**About this task:** In the copy you make, keep each entry exactly as it is and leave out all images.

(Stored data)
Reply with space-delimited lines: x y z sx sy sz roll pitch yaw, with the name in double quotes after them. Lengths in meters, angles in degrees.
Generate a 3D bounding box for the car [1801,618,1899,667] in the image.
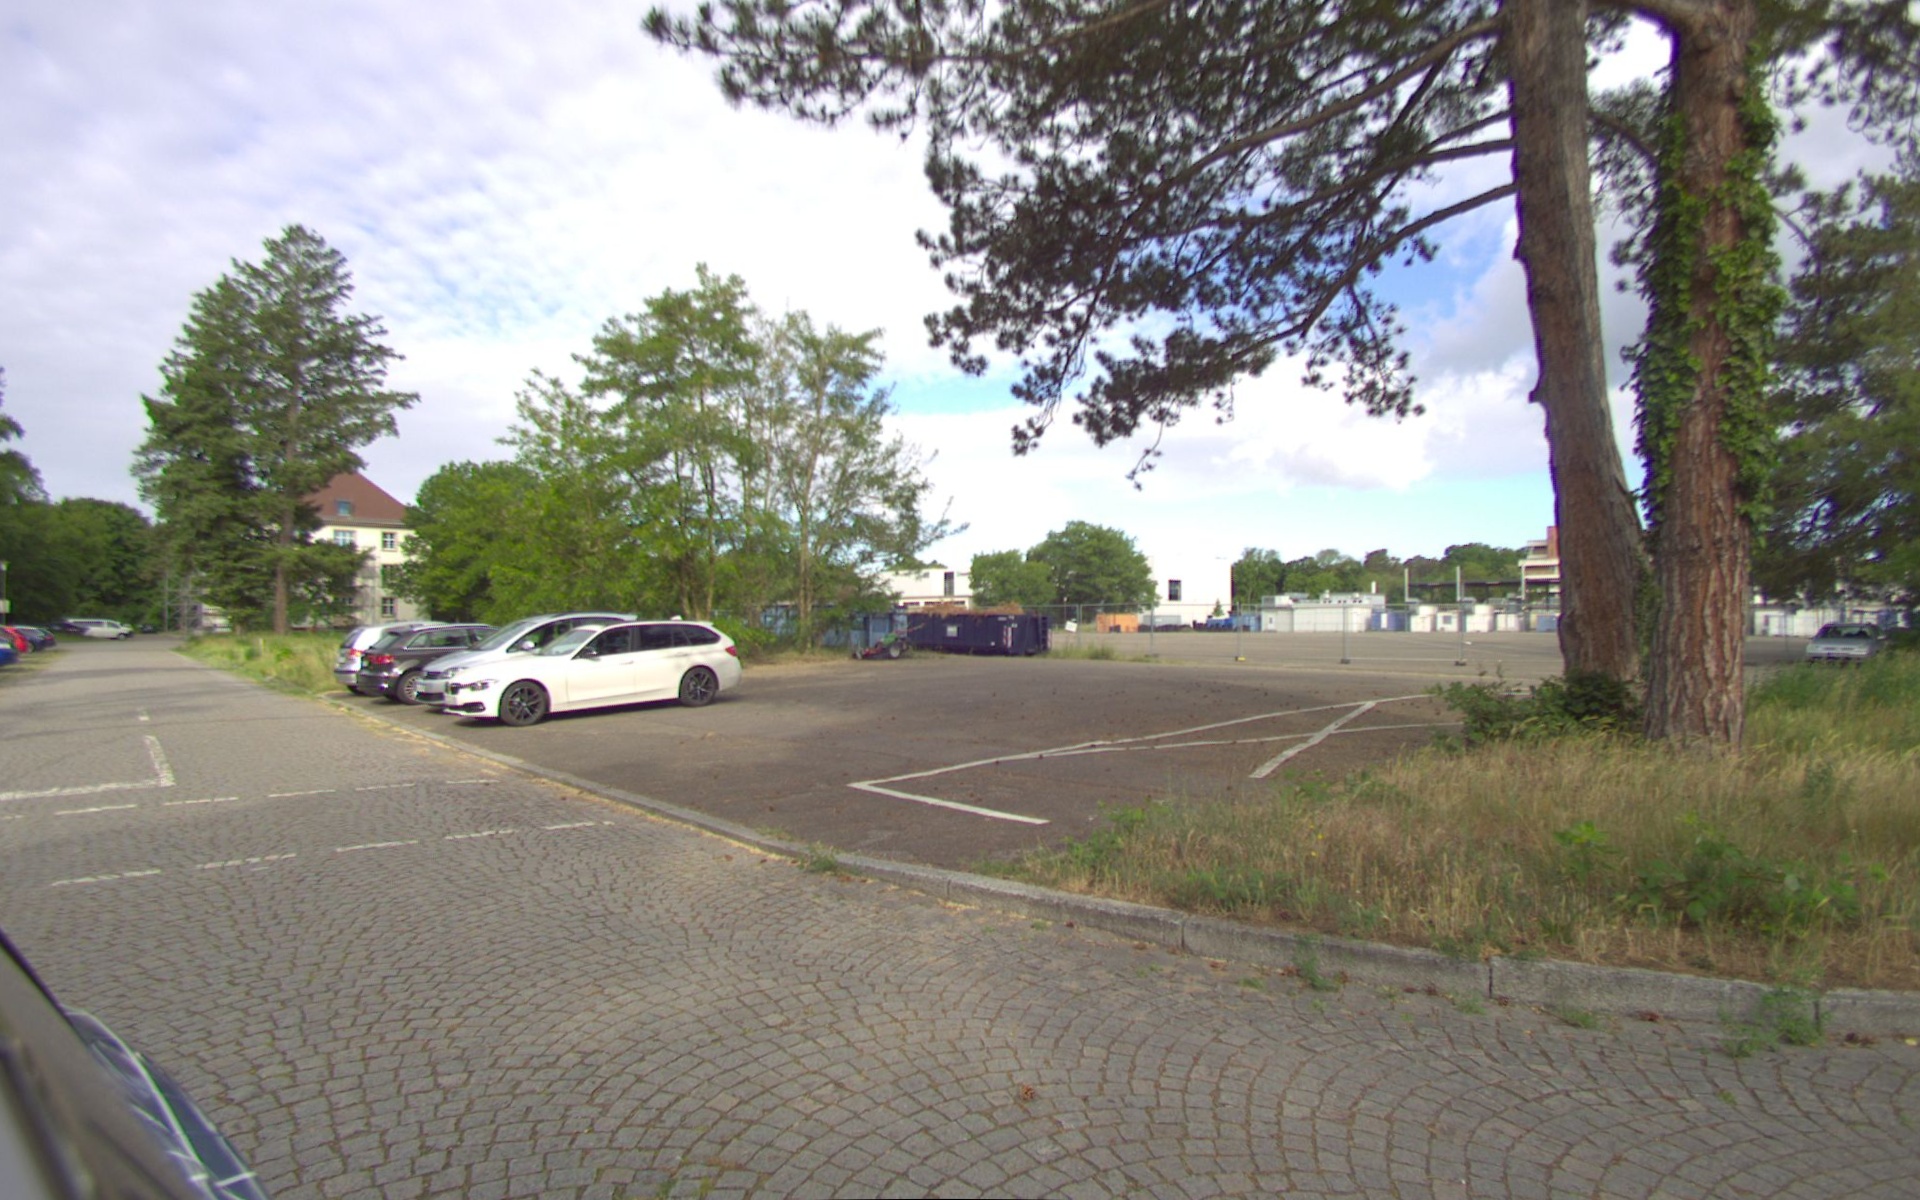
28.564 1.316 32.443 4.303 1.488 1.927 1 -2 -43 "car"

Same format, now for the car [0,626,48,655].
-52.646 2.196 55.495 3.733 1.581 2.004 1 -2 -38 "car"

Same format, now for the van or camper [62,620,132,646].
-84.320 3.231 98.892 5.171 2.482 2.212 1 -2 -42 "van or camper"

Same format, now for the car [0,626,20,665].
-39.556 1.794 39.538 3.935 1.516 1.873 1 -2 -38 "car"

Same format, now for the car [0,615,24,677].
-33.723 1.498 32.758 4.765 2.029 2.005 1 -2 -36 "car"

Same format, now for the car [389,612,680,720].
-7.484 1.076 18.098 4.421 1.602 1.849 -1 0 -44 "car"

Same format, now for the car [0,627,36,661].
-46.086 2.064 47.516 3.939 1.581 2.002 1 -2 -43 "car"

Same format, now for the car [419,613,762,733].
-5.748 1.043 16.145 4.748 1.450 1.916 -2 0 -43 "car"

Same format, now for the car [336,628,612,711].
-9.458 1.275 19.957 4.564 1.433 1.887 1 -2 -43 "car"

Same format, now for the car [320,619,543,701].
-11.337 1.220 21.874 3.928 1.467 1.682 -2 0 -45 "car"

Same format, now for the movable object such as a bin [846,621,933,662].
-2.153 1.255 31.120 2.499 1.221 1.172 1 -2 -41 "movable object such as a bin"

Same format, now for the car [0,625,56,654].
-55.364 2.278 59.073 3.733 1.637 2.004 1 -2 -38 "car"

**Completed exercise:**
Reply with space-delimited lines: x y z sx sy sz roll pitch yaw, with the name in double quotes after them. Lengths in meters, angles in degrees.
Generate a 3D bounding box for the car [1801,618,1899,667] in the image.
28.564 1.316 32.443 4.303 1.488 1.927 1 -2 -43 "car"

Same format, now for the car [0,626,48,655].
-52.646 2.196 55.495 3.733 1.581 2.004 1 -2 -38 "car"

Same format, now for the van or camper [62,620,132,646].
-84.320 3.231 98.892 5.171 2.482 2.212 1 -2 -42 "van or camper"

Same format, now for the car [0,626,20,665].
-39.556 1.794 39.538 3.935 1.516 1.873 1 -2 -38 "car"

Same format, now for the car [0,615,24,677].
-33.723 1.498 32.758 4.765 2.029 2.005 1 -2 -36 "car"

Same format, now for the car [389,612,680,720].
-7.484 1.076 18.098 4.421 1.602 1.849 -1 0 -44 "car"

Same format, now for the car [0,627,36,661].
-46.086 2.064 47.516 3.939 1.581 2.002 1 -2 -43 "car"

Same format, now for the car [419,613,762,733].
-5.748 1.043 16.145 4.748 1.450 1.916 -2 0 -43 "car"

Same format, now for the car [336,628,612,711].
-9.458 1.275 19.957 4.564 1.433 1.887 1 -2 -43 "car"

Same format, now for the car [320,619,543,701].
-11.337 1.220 21.874 3.928 1.467 1.682 -2 0 -45 "car"

Same format, now for the movable object such as a bin [846,621,933,662].
-2.153 1.255 31.120 2.499 1.221 1.172 1 -2 -41 "movable object such as a bin"

Same format, now for the car [0,625,56,654].
-55.364 2.278 59.073 3.733 1.637 2.004 1 -2 -38 "car"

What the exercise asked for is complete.